我参加会议时常常感到尴尬。我不好意思主动接近陌生人自我介绍,于是像大学派对上那样,拿着苏打水,局促不安地四处游荡,感觉格格不入。在熙熙攘攘、热情交谈的人群中,我感到不自在,孤单寂寞。
但当我的飞机从纽约降落在德克萨斯州奥斯汀,准备参加西南偏南音乐、电影和互动大会时,我兴奋极了。我将在一个小组讨论会上发言,而且因为大家都说西南偏南精彩纷呈,所以我特意多留了一天时间来好好体验一下这个大会。
但事情的发展却不如我预期。我准时赶到参加小组讨论,然后为我的书《18分钟》做了签售,之后,嗯,然后我就去参加一个会议。我去参加了一个会议派对,却只是站在那里,害羞、尴尬,不敢主动和人搭讪。
我对自己很生气。我到底是怎么了?
我正要离开时,突然想到,与其评判自己,不如把这当成一次探索不适情绪的机会。于是,我站在那里,感受着尴尬究竟是什么滋味。
感觉很尴尬。但很快,我意识到我的羞怯背后隐藏着更深层次的东西,更危险的东西。
小组讨论结束后,我感觉自己失去了角色和目标。我意识到,当我没有取得任何成就时,我就不确定自己是谁。我陷入了一场由会议引发的身份认同危机。
我的自我认知与我的角色认知过于接近。我是作家、演说家、顾问、父亲、丈夫、滑雪爱好者等等。但当我不积极扮演这些角色时,我是谁?如果没有我过去的、现在的或未来的成就,我又是谁?
只有我一个人。结果证明,这令人不安。
我想我并非孤例。正因如此,我们往往在与人初次见面不到一分钟,就开始用自己的角色、地位以及与他人的关系来定义自己。我们认为这是因为别人需要这些信息来了解我们。
但独自站在派对上,我意识到自己一直在自欺欺人。别人不需要这些信息来了解我,我需要这些信息来了解我自己。
一旦我明白了自己不自在的原因,我就克制住了想要炫耀自己的名字,或者告诉别人我刚刚做过演讲、写过书或其他什么事情,以此来为自己找到一个可靠的角色,让我看起来和感觉都很好。
相反,我开始留意除了自身存在之外没有任何身份的感觉。我注意到自己渴望被关注,也注意到自己内心的不安全感。但我同时也注意到自己内心的力量,以及对自己观察和自身的信任。我开始放松下来,一旦放松下来,我的不安全感就大大减轻了。
然后发生了一件有趣的事。人们开始向我走来。
突然,一位女士走过来自我介绍,我们便聊了起来。然后她招呼了一位同事过来。他们都不认识我,也无意从我这里得到什么,我也没想从他们那里得到什么。我们只是三个人自然而然地聊了起来。我们刚分开,一位男士就走了过来。我再次做了自我介绍,报上了姓名,但没有提及他的职位。我们又聊得很开心,彼此之间建立了一种美好的人际联系。

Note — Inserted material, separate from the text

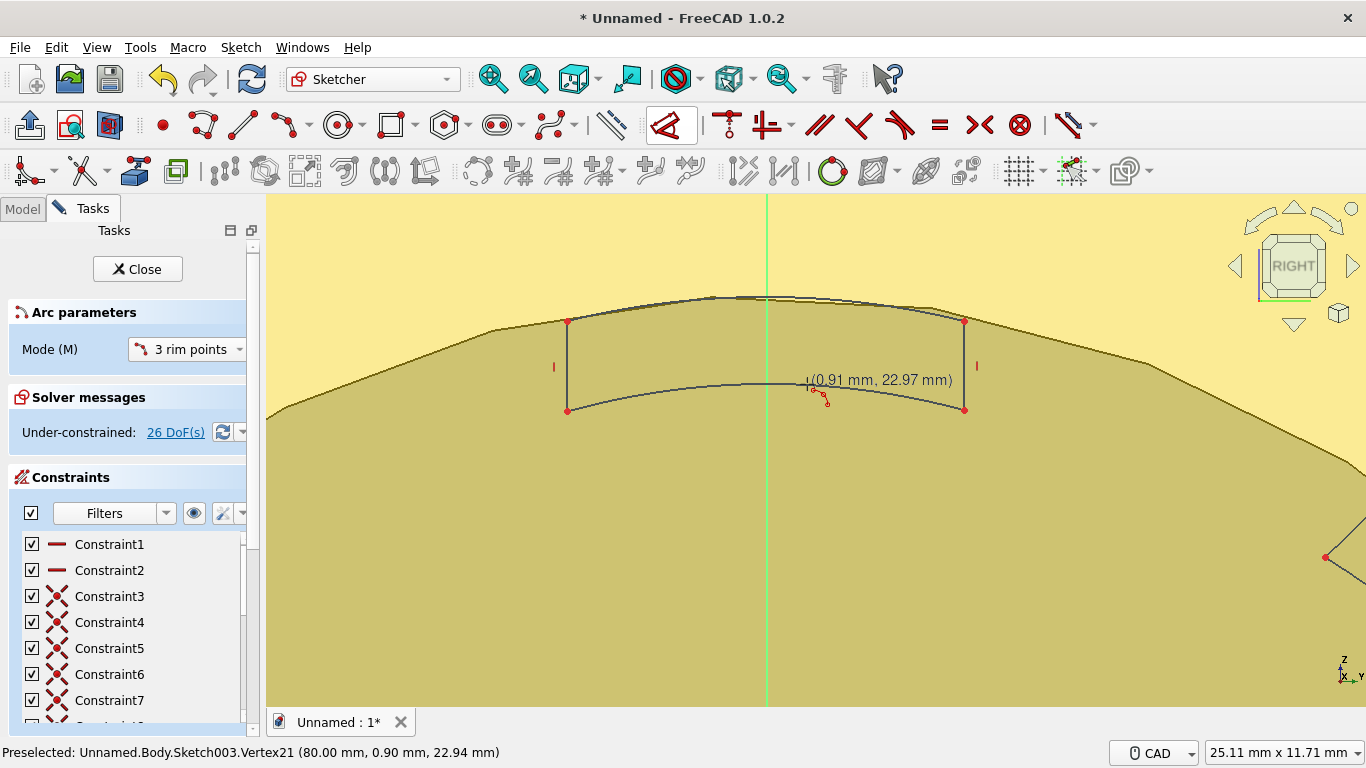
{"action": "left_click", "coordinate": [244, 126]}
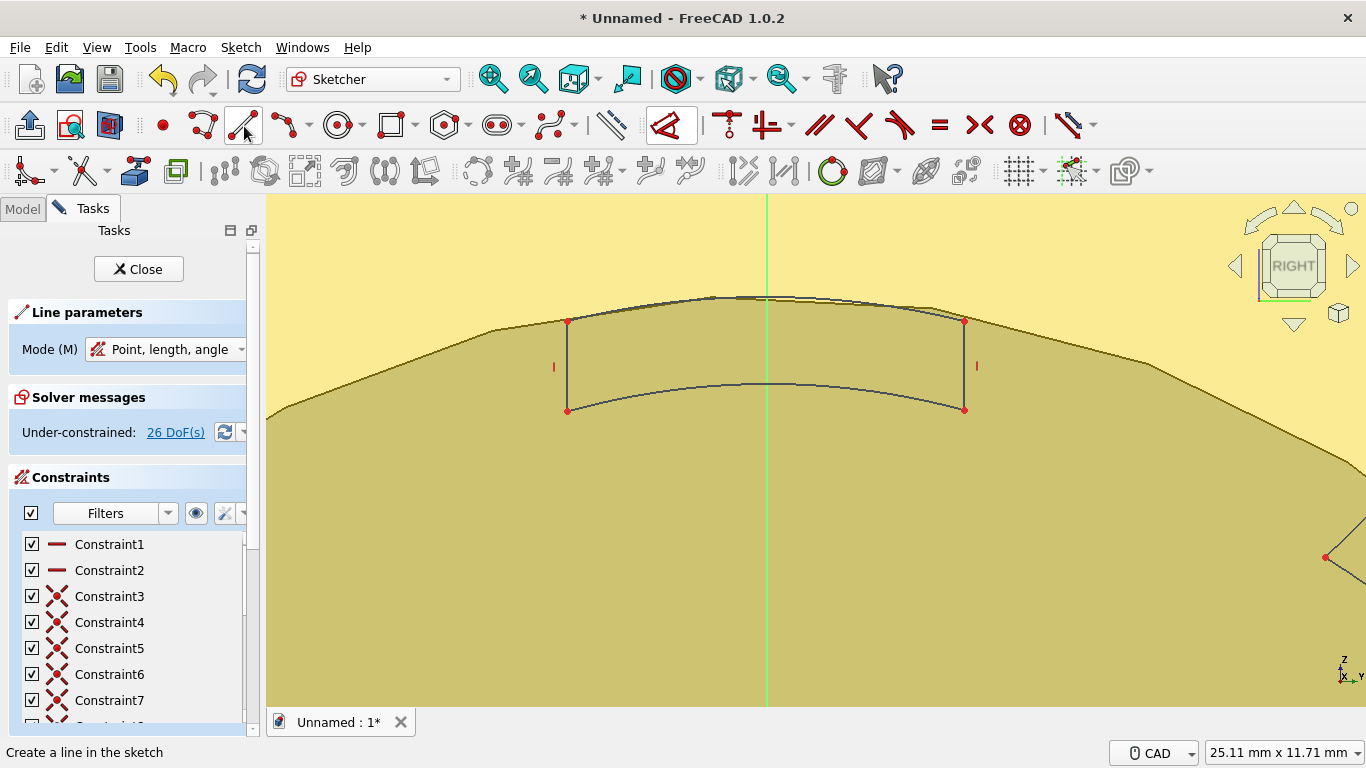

我没有告诉别人我是作家,也没有告诉他们我经营一家咨询公司,或者其他任何能定义我身份的信息。我只是以彼得的身份与他们见面。他们也以他们自己的身份与我见面。
这需要一段时间才能适应,尤其是在会议上,我们往往会根据自己的角色来定义自己,人们一边交谈一边环顾四周,看看有没有更有价值的人可以交谈。
但一见到陌生人就滔滔不绝地讲你的商业计划是个错误——即使是在那种旨在推销商业计划的会议上。人们首先看重的是你这个人,然后才是你的计划。所以,先展现你自己,然后再展示你的计划。
正因如此,即使在会议上,即使我们想从别人那里得到些什么,放下我们自己的角色——至少在最初阶段——也是一个好主意。
如果你相信自己,别人也会信任你。而要相信自己,你必须走出幕后,卸下头衔和地位的束缚,袒露真我。当你允许人们看到真实的你——既有令人印象深刻的一面,也有脆弱的一面——他们才会信任你,因为他们会真正了解你。
那么,在不认识任何人的会议上,如何在不表明身份的情况下与人交谈呢?这并不容易。你会感觉像是在逆流而上。但你可以尝试问一些开放式的问题,并尝试与他人进行一些个人化的交流。最终,你会更多地了解其他参会者,他们也会更多地了解你。
会议不过是一群人互相碰撞的聚会。大多数人都会感到不自在。他们中的大多数人,比起其他任何事,都渴望被人看到真实的自己,而不仅仅是他们所代表的角色。我们可以彼此给予对方这种真实感。
一开始可能会有点尴尬。但我认为这是我们在常常让我们感到肤浅的情况下,获得有意义体验的最佳途径。这显然对我们有益。而且,对生意也可能有利。